Pues no os lo perdáis: el perro se había orinado en el sofá, así que ellas habían decidido salir un rato de paseo mientras se secaba. «¿Pero cómo que mientras se secaba? ¿No lo pretendéis limpiar?», dije indignada y asqueada. A lo que la señora me dice que le habían dado con agua caliente y que era más que suficiente, que no es la primera vez que ocurría y que mirase si en el sofá quedaba mancha alguna. Se me desencajó la mandíbula. Les dije me parecía un asco, y además les eché en cara lo que me había ocurrido, que había acabado llena de pis de perro. «Chica, lo lamento mucho, pero vamos, tampoco exageres que no es para tanto, cálmate y baja ese tono ahora mismo», me dijo levantándome la voz. Miré a mi compañera de piso, que bajó la cabeza y no dijo nada. Y exploté. Hubo una gran discusión. Le comuniqué que quería que se largase al día siguiente sin falta. Y ella me dijo que la mitad de ese piso lo pagaba ella y que estaba en su derecho de estar allí el tiempo que le diese la gana, y que nada más que por eso, no pensaba irse. Impotente, hice una pequeña maleta y me fui a casa de una amiga esa noche.
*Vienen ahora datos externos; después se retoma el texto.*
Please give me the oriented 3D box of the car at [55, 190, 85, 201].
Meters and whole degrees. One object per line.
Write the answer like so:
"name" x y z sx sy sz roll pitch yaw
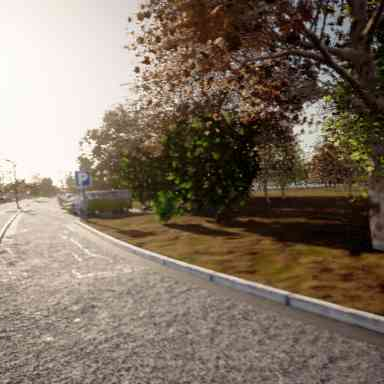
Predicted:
"car" -26.668 0.808 72.853 5.566 2.045 2.435 -4 2 -41

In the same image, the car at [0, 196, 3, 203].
"car" -48.163 2.353 78.401 5.008 1.535 2.097 -6 2 -40

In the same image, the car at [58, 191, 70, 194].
"car" -14.399 0.999 42.621 4.553 1.767 2.185 -4 2 -44

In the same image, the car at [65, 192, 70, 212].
"car" -8.189 0.978 29.178 2.185 1.767 4.553 -2 2 45

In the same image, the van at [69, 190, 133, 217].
"van" -6.960 0.874 26.448 1.878 1.987 4.442 -1 2 44

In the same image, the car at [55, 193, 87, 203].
"car" -22.399 1.099 61.760 5.008 1.535 2.097 -4 2 -41

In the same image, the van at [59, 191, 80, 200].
"van" -30.971 0.797 83.892 4.442 1.987 1.878 -4 2 -41

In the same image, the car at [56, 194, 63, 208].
"car" -10.815 1.121 34.425 5.366 1.575 1.946 -4 2 -45

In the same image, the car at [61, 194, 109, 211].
"car" -11.931 1.158 37.247 4.674 1.452 2.002 -4 2 -44

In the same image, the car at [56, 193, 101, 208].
"car" -15.430 1.110 45.484 5.366 1.575 1.946 -4 2 -43

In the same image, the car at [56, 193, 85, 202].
"car" -24.557 1.083 67.287 4.892 1.521 2.231 -4 2 -41

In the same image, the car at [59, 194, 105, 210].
"car" -13.159 1.162 39.941 4.674 1.452 2.002 -4 2 -44

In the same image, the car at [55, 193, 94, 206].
"car" -17.909 1.120 50.793 5.008 1.535 2.097 -4 2 -43

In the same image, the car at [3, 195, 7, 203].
"car" -49.254 2.094 81.183 5.566 2.045 2.435 -6 3 -40

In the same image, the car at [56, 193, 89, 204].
"car" -20.154 1.140 56.291 4.792 1.488 2.163 -4 2 -42

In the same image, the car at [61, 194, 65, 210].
"car" -9.300 1.095 32.009 1.946 1.575 5.366 -2 2 45

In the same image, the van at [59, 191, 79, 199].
"van" -33.074 0.775 89.464 4.442 1.987 1.878 -4 2 -40

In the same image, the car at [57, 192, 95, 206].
"car" -16.721 0.995 48.086 4.553 1.767 2.185 -4 2 -43

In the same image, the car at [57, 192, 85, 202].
"car" -23.508 0.967 64.500 4.553 1.767 2.185 -4 2 -41
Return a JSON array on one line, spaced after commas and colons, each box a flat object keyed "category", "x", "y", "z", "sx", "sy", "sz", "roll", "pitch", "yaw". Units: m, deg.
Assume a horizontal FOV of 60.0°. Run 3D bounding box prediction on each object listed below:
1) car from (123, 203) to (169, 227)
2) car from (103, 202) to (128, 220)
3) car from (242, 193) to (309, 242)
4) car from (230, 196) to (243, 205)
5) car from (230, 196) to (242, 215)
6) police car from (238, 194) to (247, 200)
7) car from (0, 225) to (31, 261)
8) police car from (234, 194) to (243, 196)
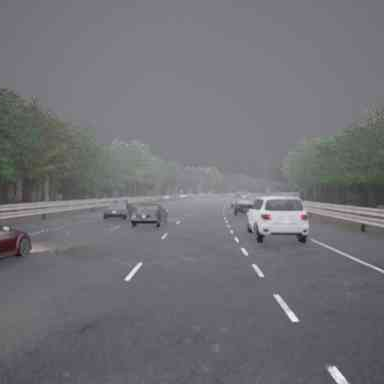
[{"category": "car", "x": -2.731, "y": 1.499, "z": 22.242, "sx": 2.033, "sy": 1.411, "sz": 5.357, "roll": 0, "pitch": 0, "yaw": 3}, {"category": "car", "x": -5.879, "y": 1.503, "z": 27.672, "sx": 1.994, "sy": 1.385, "sz": 4.181, "roll": 0, "pitch": 0, "yaw": 4}, {"category": "car", "x": 3.986, "y": 1.193, "z": 16.293, "sx": 2.150, "sy": 2.045, "sz": 5.566, "roll": 0, "pitch": 0, "yaw": 3}, {"category": "car", "x": 7.506, "y": 1.439, "z": 55.791, "sx": 2.033, "sy": 1.411, "sz": 5.357, "roll": 0, "pitch": 0, "yaw": 8}, {"category": "car", "x": 5.015, "y": 1.414, "z": 32.453, "sx": 1.882, "sy": 1.535, "sz": 5.008, "roll": 0, "pitch": 0, "yaw": 5}, {"category": "police car", "x": 13.276, "y": 1.357, "z": 87.284, "sx": 2.038, "sy": 1.542, "sz": 4.974, "roll": 0, "pitch": 0, "yaw": 13}, {"category": "car", "x": -6.717, "y": 1.536, "z": 10.119, "sx": 1.994, "sy": 1.385, "sz": 4.181, "roll": 0, "pitch": 0, "yaw": 1}, {"category": "police car", "x": 6.142, "y": 1.416, "z": 45.204, "sx": 2.038, "sy": 1.542, "sz": 4.974, "roll": 0, "pitch": 0, "yaw": 7}]

Hablé con mi compañera de piso en privado al día siguiente, pero me dijo que lo sentía, que su madre llevaba razón y que no podía hacer nada. Esa misma tarde volví a colgar carteles en el tablón de la uni, pero para buscar yo otro piso. No podía seguir viviendo así, aquello estaba acabando con mi estabilidad emocional.

A la semana siguiente, mi compañera se quedó boquiabierta cuando me vio iniciar la mudanza. Me dijo que no me podía ir, que su madre no iba a querer pagar el piso entero, y le dije que lo sentía, pero que no podía hacer nada más, lo mismo que ella me dijo a mí. Lo que ella no sabía es que yo había llamado al casero, con quien tenía muy buena relación, y le había contado todo el plan que se había formado en su piso, perro que se meaba en el sofá incluido, y que al mes siguiente, que vencía el alquiler temporal, las iba a echar de allí y no iba a devolverle su parte de la fianza por los daños causados por el perro.

Yo comencé a vivir en el piso de otra chica, y ya estuve allí hasta que acabé la carrera. De hecho, se convirtió en mi mejor amiga y somos inseparables. Lo pasé muy mal con esa situación, pero si no hubiera ocurrido, no la habría conocido nunca, así que me gusta pensar que, al fin y al cabo, no hay mal que por bien no venga.

Carol M.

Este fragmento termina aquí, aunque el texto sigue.